The key to this lies in the interplay between saturated fatty acids, the STING-type-I interferon pathway, and a protein known as NLRC3.
Obesity and Oral Cancer: The Connection
While the links between obesity and various types of cancer, such as gastrointestinal tumors, breast cancer, pancreatic cancer, and ovarian cancer, are well known, the relationship between obesity and oral cancer has been underappreciated, according to Dr. Lei.
This new study sheds light on this connection.
The team’s research found that myeloid cells, a type of immune cell, in obese mice were less sensitive to STING agonists and were more suppressive of T cell activation compared to the myeloid cells from lean mice.
This feature led to the loss of immune subsets that were crucial for anti-tumor immunity within the tumor microenvironment.

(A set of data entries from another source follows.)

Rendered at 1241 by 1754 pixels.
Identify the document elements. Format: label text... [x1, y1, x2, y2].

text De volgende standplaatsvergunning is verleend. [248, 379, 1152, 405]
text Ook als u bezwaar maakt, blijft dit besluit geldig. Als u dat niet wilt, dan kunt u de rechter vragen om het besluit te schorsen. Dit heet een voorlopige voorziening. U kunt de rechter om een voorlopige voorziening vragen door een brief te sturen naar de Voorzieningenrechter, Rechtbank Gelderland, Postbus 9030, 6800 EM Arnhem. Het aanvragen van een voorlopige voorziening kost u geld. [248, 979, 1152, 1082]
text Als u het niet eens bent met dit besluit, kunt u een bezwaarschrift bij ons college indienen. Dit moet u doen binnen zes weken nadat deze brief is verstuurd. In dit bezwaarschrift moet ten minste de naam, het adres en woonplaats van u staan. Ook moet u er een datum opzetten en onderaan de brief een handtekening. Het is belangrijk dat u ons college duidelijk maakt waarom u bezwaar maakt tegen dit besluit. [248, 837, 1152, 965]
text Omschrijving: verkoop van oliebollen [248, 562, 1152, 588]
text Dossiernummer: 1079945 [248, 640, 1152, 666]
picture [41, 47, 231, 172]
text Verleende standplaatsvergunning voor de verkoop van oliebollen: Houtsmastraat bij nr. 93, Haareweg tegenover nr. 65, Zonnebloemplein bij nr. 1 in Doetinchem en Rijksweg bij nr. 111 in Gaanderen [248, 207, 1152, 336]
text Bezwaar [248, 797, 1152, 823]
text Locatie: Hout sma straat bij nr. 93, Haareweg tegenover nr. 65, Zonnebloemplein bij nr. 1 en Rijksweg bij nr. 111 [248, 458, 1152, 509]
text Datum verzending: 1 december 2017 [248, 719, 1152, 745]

Interestingly, the researchers discovered that saturated fatty acids can block the STING pathway, which is typically activated by DNA within cells and promotes the maturation of antigen-presenting cells, a crucial part of the immune response.
This blocking effect is mediated by the induction of the protein NLRC3.

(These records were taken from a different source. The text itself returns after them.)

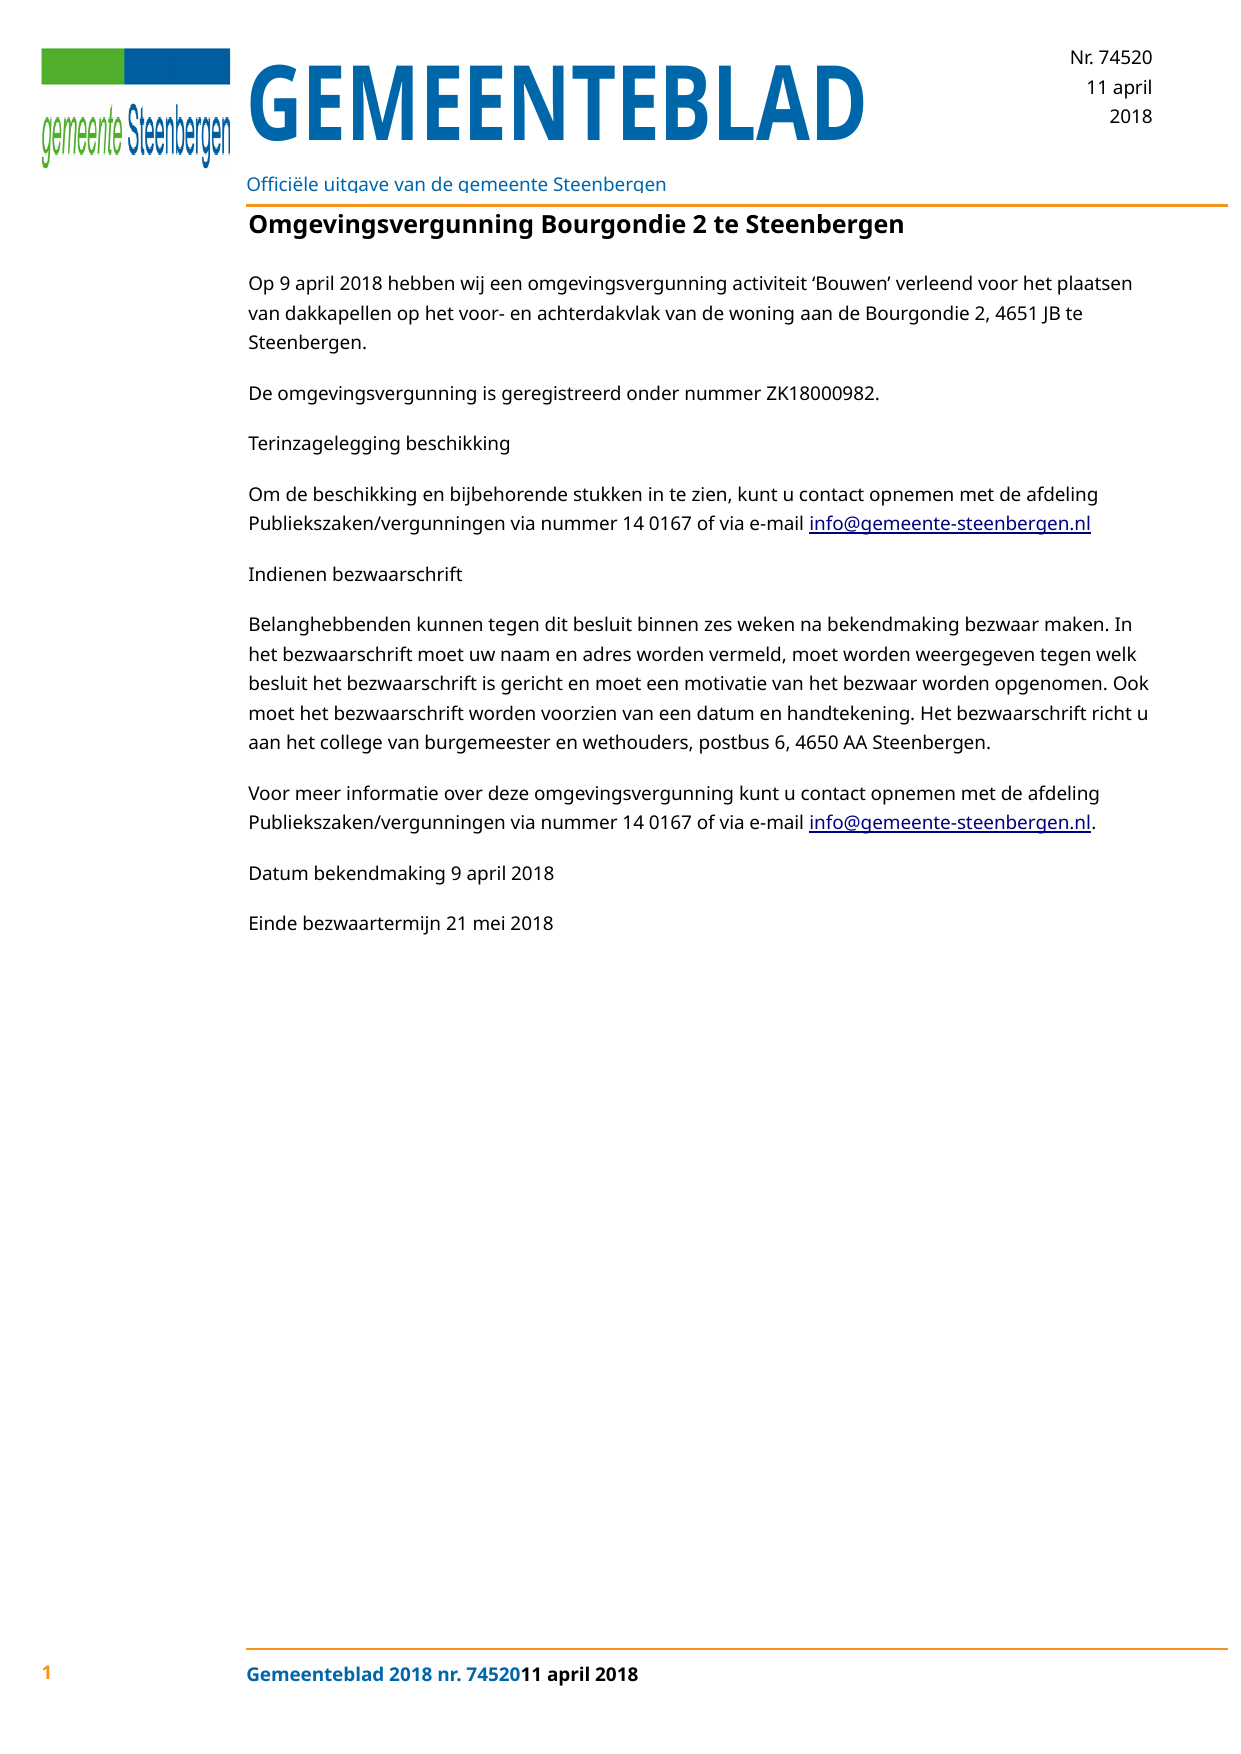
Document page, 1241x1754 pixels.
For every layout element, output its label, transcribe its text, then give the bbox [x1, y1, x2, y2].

text Omgevingsvergunning Bourgondie 2 te Steenbergen [248, 207, 1152, 241]
text Datum bekendmaking 9 april 2018 [248, 860, 1152, 886]
picture [41, 47, 231, 172]
text Indienen bezwaarschrift [248, 561, 1152, 586]
text Voor meer informatie over deze omgevingsvergunning kunt u contact opnemen met de afdeling Publiekszaken/vergunningen via nummer 14 0167 of via e-mail info@gemeente-steenbergen.nl. [248, 780, 1152, 835]
text Terinzagelegging beschikking [248, 430, 1152, 456]
text Einde bezwaartermijn 21 mei 2018 [248, 910, 1152, 936]
text Belanghebbenden kunnen tegen dit besluit binnen zes weken na bekendmaking bezwaar maken. In het bezwaarschrift moet uw naam en adres worden vermeld, moet worden weergegeven tegen welk besluit het bezwaarschrift is gericht en moet een motivatie van het bezwaar worden opgenomen. Ook moet het bezwaarschrift worden voorzien van een datum en handtekening. Het bezwaarschrift richt u aan het college van burgemeester en wethouders, postbus 6, 4650 AA Steenbergen. [248, 611, 1152, 755]
text Op 9 april 2018 hebben wij een omgevingsvergunning activiteit ‘Bouwen’ verleend voor het plaatsen van dakkapellen op het voor- en achterdakvlak van de woning aan de Bourgondie 2, 4651 JB te Steenbergen. [248, 270, 1152, 355]
text De omgevingsvergunning is geregistreerd onder nummer ZK18000982. [248, 380, 1152, 406]
text Om de beschikking en bijbehorende stukken in te zien, kunt u contact opnemen met de afdeling Publiekszaken/vergunningen via nummer 14 0167 of via e-mail info@gemeente-steenbergen.nl [248, 481, 1152, 536]

Implications and Future Directions
Dr. Lei emphasized that this is the first study establishing a mechanistic link between obesity and immune escape in oral cancer, highlighting the potential translational implications of the research.
Obesity is a common comorbidity in cancer patients, and recent studies have shown that oral cancer patients on statins, medicines that lower cholesterol, demonstrated improved overall and cancer-specific survival.

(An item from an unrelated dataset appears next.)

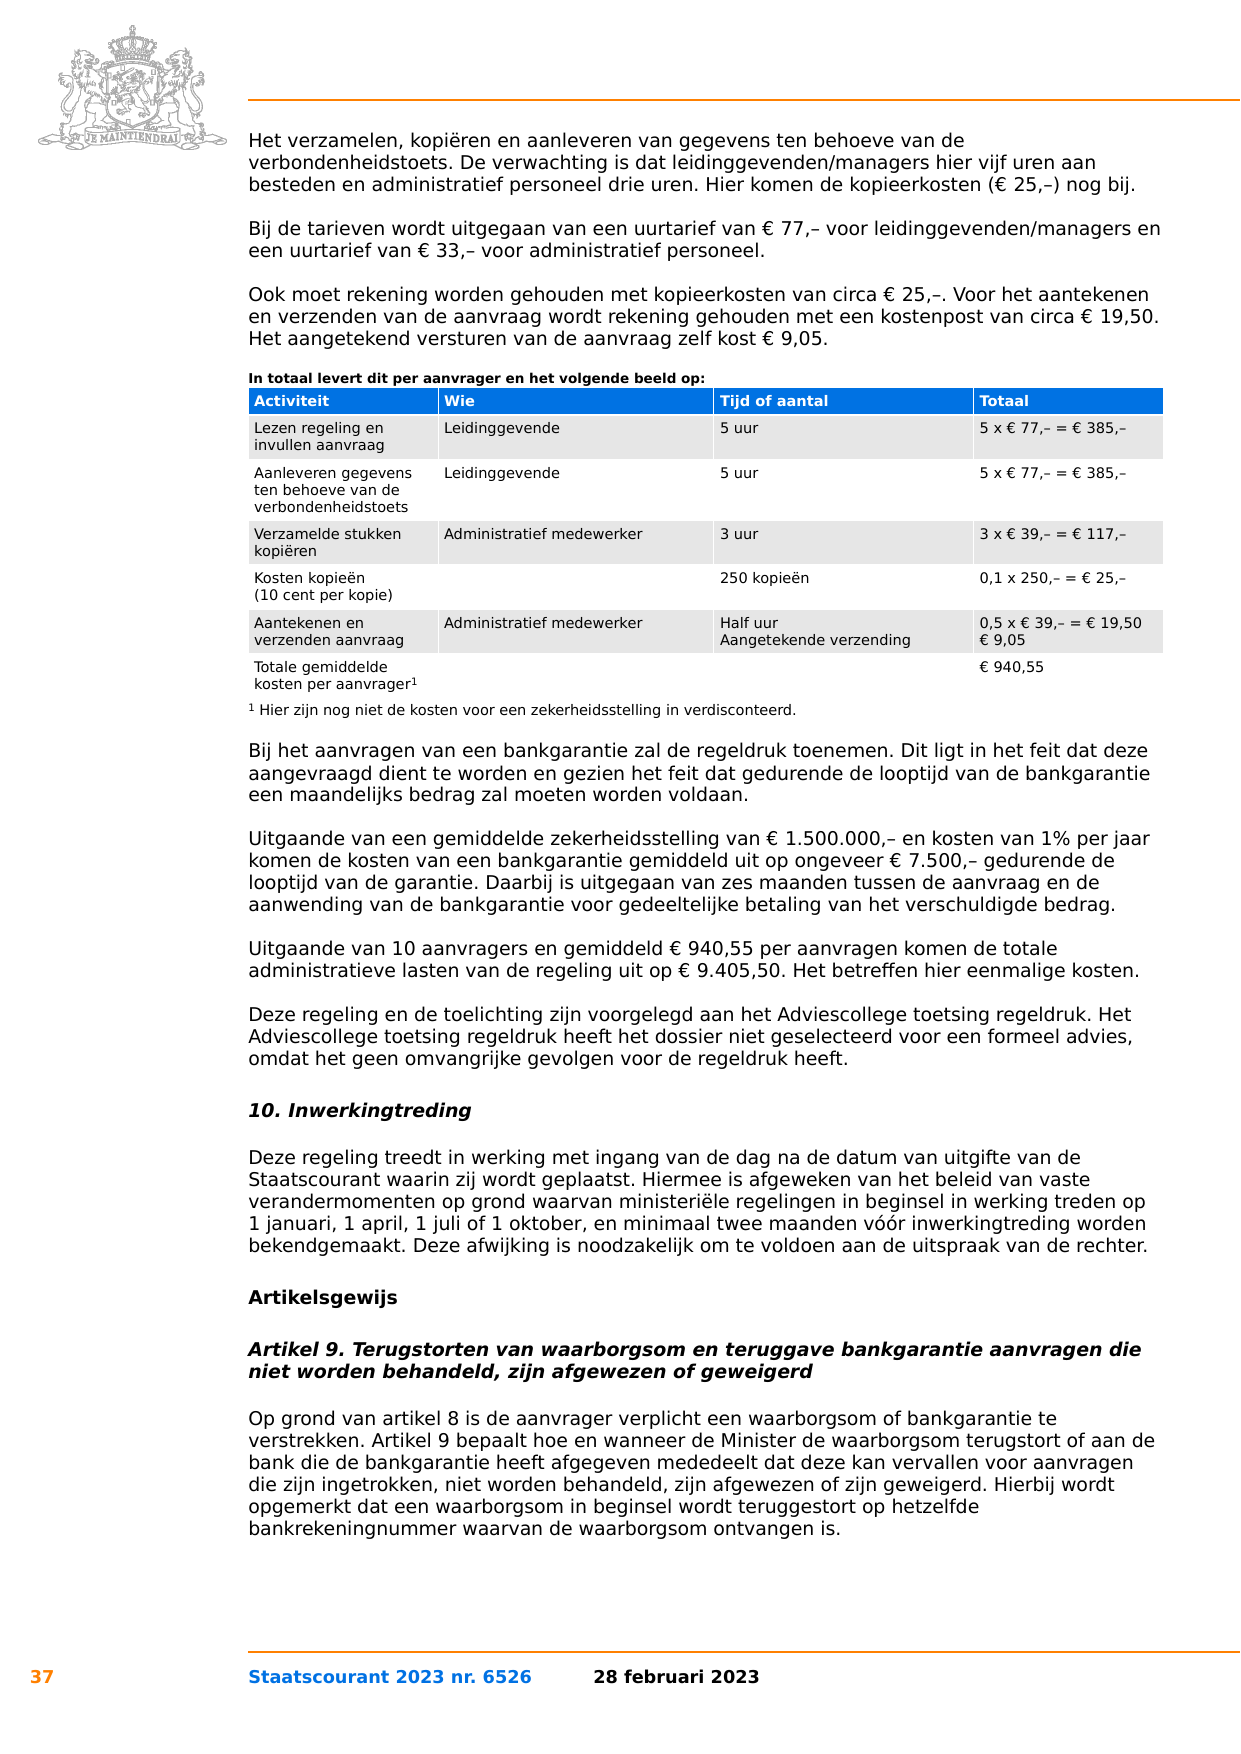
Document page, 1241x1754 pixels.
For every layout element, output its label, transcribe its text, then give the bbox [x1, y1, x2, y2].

This study suggests a mechanistic link for these clinical observations and underscores the potential of targeting fatty acids metabolism in changing the host anti-tumor immune response, according to Dr. Lei.
Looking ahead, the research team plans to explore how obesity regulates other immune-activating pathways and identify novel intervention targets for better oral cancer prevention in high-risk individuals.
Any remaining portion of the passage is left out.